Give all of the data again exactly as written, omitting every image.

= Beginning of Section =

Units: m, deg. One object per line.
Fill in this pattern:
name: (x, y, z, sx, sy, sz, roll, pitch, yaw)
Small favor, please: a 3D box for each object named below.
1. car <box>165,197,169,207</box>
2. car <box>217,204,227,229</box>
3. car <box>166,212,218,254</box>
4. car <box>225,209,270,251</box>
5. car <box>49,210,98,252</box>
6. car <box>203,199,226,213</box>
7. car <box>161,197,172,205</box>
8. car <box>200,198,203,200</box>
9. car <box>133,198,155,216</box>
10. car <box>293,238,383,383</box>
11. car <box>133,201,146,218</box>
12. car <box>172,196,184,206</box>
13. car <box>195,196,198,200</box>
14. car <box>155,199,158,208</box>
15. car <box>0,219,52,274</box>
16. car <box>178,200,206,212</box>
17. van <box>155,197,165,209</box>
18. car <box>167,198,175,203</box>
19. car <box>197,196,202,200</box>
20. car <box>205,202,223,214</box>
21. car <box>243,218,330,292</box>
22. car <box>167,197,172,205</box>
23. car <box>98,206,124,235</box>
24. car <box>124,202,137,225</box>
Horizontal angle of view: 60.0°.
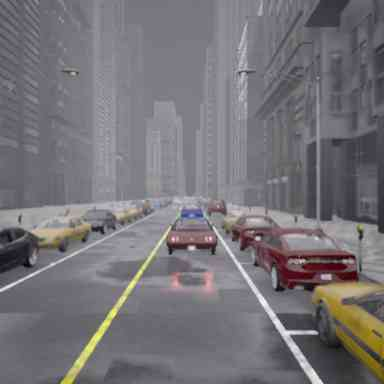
car: (-5.776, 2.138, 59.820, 2.008, 1.369, 4.403, 0, -1, 0)
car: (2.756, 1.721, 20.517, 1.752, 1.417, 4.829, 0, -1, 0)
car: (-0.001, 1.735, 14.108, 1.895, 1.301, 4.718, 0, -1, 0)
car: (2.758, 1.684, 14.707, 1.887, 1.381, 4.507, 0, -1, 0)
car: (-5.767, 1.663, 14.527, 1.752, 1.417, 4.829, 0, -1, 0)
car: (2.753, 1.674, 37.270, 2.192, 1.841, 5.009, 0, -1, 0)
car: (-5.780, 2.080, 76.744, 2.192, 1.841, 5.009, 0, -1, 0)
car: (2.750, 2.080, 54.188, 2.008, 1.369, 4.403, 0, -1, 0)
car: (-5.772, 1.673, 37.261, 2.192, 1.841, 5.009, 0, -1, 0)
car: (2.760, 1.560, 3.596, 1.752, 1.417, 4.829, 0, -1, 0)
car: (-5.771, 1.826, 31.448, 1.752, 1.417, 4.829, 0, -1, 0)
car: (-3.012, 2.226, 71.005, 1.812, 1.442, 4.674, 0, -1, 0)
car: (2.336, 2.376, 84.774, 1.812, 1.442, 4.674, 0, -1, 0)
car: (-5.773, 1.938, 42.729, 1.752, 1.417, 4.829, 0, -1, 0)
car: (-5.766, 1.651, 9.056, 1.947, 1.339, 4.313, 0, -1, 0)
car: (-0.001, 1.760, 29.476, 1.882, 1.535, 5.008, 0, 0, 0)
van: (-5.776, 1.870, 54.182, 1.690, 1.788, 3.998, 0, -1, 0)
car: (-5.782, 2.509, 93.663, 1.947, 1.339, 4.313, 0, -1, 0)
car: (2.746, 2.146, 71.109, 1.967, 1.590, 4.097, 0, -1, 0)
car: (2.752, 1.966, 42.907, 2.008, 1.369, 4.403, 0, -1, 0)
car: (2.759, 1.631, 9.066, 1.887, 1.381, 4.507, 0, -1, 0)
car: (-5.778, 1.961, 65.463, 2.192, 1.841, 5.009, 0, -1, 0)
car: (-5.769, 1.759, 20.337, 1.947, 1.339, 4.313, 0, -1, 0)
car: (-5.770, 1.771, 25.808, 1.752, 1.417, 4.829, 0, -1, 0)

= End of Section =

[Solution to this exercise]
Units: m, deg. One object per line.
Fill in this pattern:
name: (x, y, z, sx, sy, sz, roll, pitch, yaw)
Small favor, please: a 3D box for each object named below.
1. car <box>165,197,169,207</box>
2. car <box>217,204,227,229</box>
3. car <box>166,212,218,254</box>
4. car <box>225,209,270,251</box>
5. car <box>49,210,98,252</box>
6. car <box>203,199,226,213</box>
7. car <box>161,197,172,205</box>
8. car <box>200,198,203,200</box>
9. car <box>133,198,155,216</box>
10. car <box>293,238,383,383</box>
11. car <box>133,201,146,218</box>
12. car <box>172,196,184,206</box>
13. car <box>195,196,198,200</box>
14. car <box>155,199,158,208</box>
15. car <box>0,219,52,274</box>
16. car <box>178,200,206,212</box>
17. van <box>155,197,165,209</box>
18. car <box>167,198,175,203</box>
19. car <box>197,196,202,200</box>
20. car <box>205,202,223,214</box>
21. car <box>243,218,330,292</box>
22. car <box>167,197,172,205</box>
23. car <box>98,206,124,235</box>
24. car <box>124,202,137,225</box>
Horizontal angle of view: 60.0°.
car: (-5.776, 2.138, 59.820, 2.008, 1.369, 4.403, 0, -1, 0)
car: (2.756, 1.721, 20.517, 1.752, 1.417, 4.829, 0, -1, 0)
car: (-0.001, 1.735, 14.108, 1.895, 1.301, 4.718, 0, -1, 0)
car: (2.758, 1.684, 14.707, 1.887, 1.381, 4.507, 0, -1, 0)
car: (-5.767, 1.663, 14.527, 1.752, 1.417, 4.829, 0, -1, 0)
car: (2.753, 1.674, 37.270, 2.192, 1.841, 5.009, 0, -1, 0)
car: (-5.780, 2.080, 76.744, 2.192, 1.841, 5.009, 0, -1, 0)
car: (2.750, 2.080, 54.188, 2.008, 1.369, 4.403, 0, -1, 0)
car: (-5.772, 1.673, 37.261, 2.192, 1.841, 5.009, 0, -1, 0)
car: (2.760, 1.560, 3.596, 1.752, 1.417, 4.829, 0, -1, 0)
car: (-5.771, 1.826, 31.448, 1.752, 1.417, 4.829, 0, -1, 0)
car: (-3.012, 2.226, 71.005, 1.812, 1.442, 4.674, 0, -1, 0)
car: (2.336, 2.376, 84.774, 1.812, 1.442, 4.674, 0, -1, 0)
car: (-5.773, 1.938, 42.729, 1.752, 1.417, 4.829, 0, -1, 0)
car: (-5.766, 1.651, 9.056, 1.947, 1.339, 4.313, 0, -1, 0)
car: (-0.001, 1.760, 29.476, 1.882, 1.535, 5.008, 0, 0, 0)
van: (-5.776, 1.870, 54.182, 1.690, 1.788, 3.998, 0, -1, 0)
car: (-5.782, 2.509, 93.663, 1.947, 1.339, 4.313, 0, -1, 0)
car: (2.746, 2.146, 71.109, 1.967, 1.590, 4.097, 0, -1, 0)
car: (2.752, 1.966, 42.907, 2.008, 1.369, 4.403, 0, -1, 0)
car: (2.759, 1.631, 9.066, 1.887, 1.381, 4.507, 0, -1, 0)
car: (-5.778, 1.961, 65.463, 2.192, 1.841, 5.009, 0, -1, 0)
car: (-5.769, 1.759, 20.337, 1.947, 1.339, 4.313, 0, -1, 0)
car: (-5.770, 1.771, 25.808, 1.752, 1.417, 4.829, 0, -1, 0)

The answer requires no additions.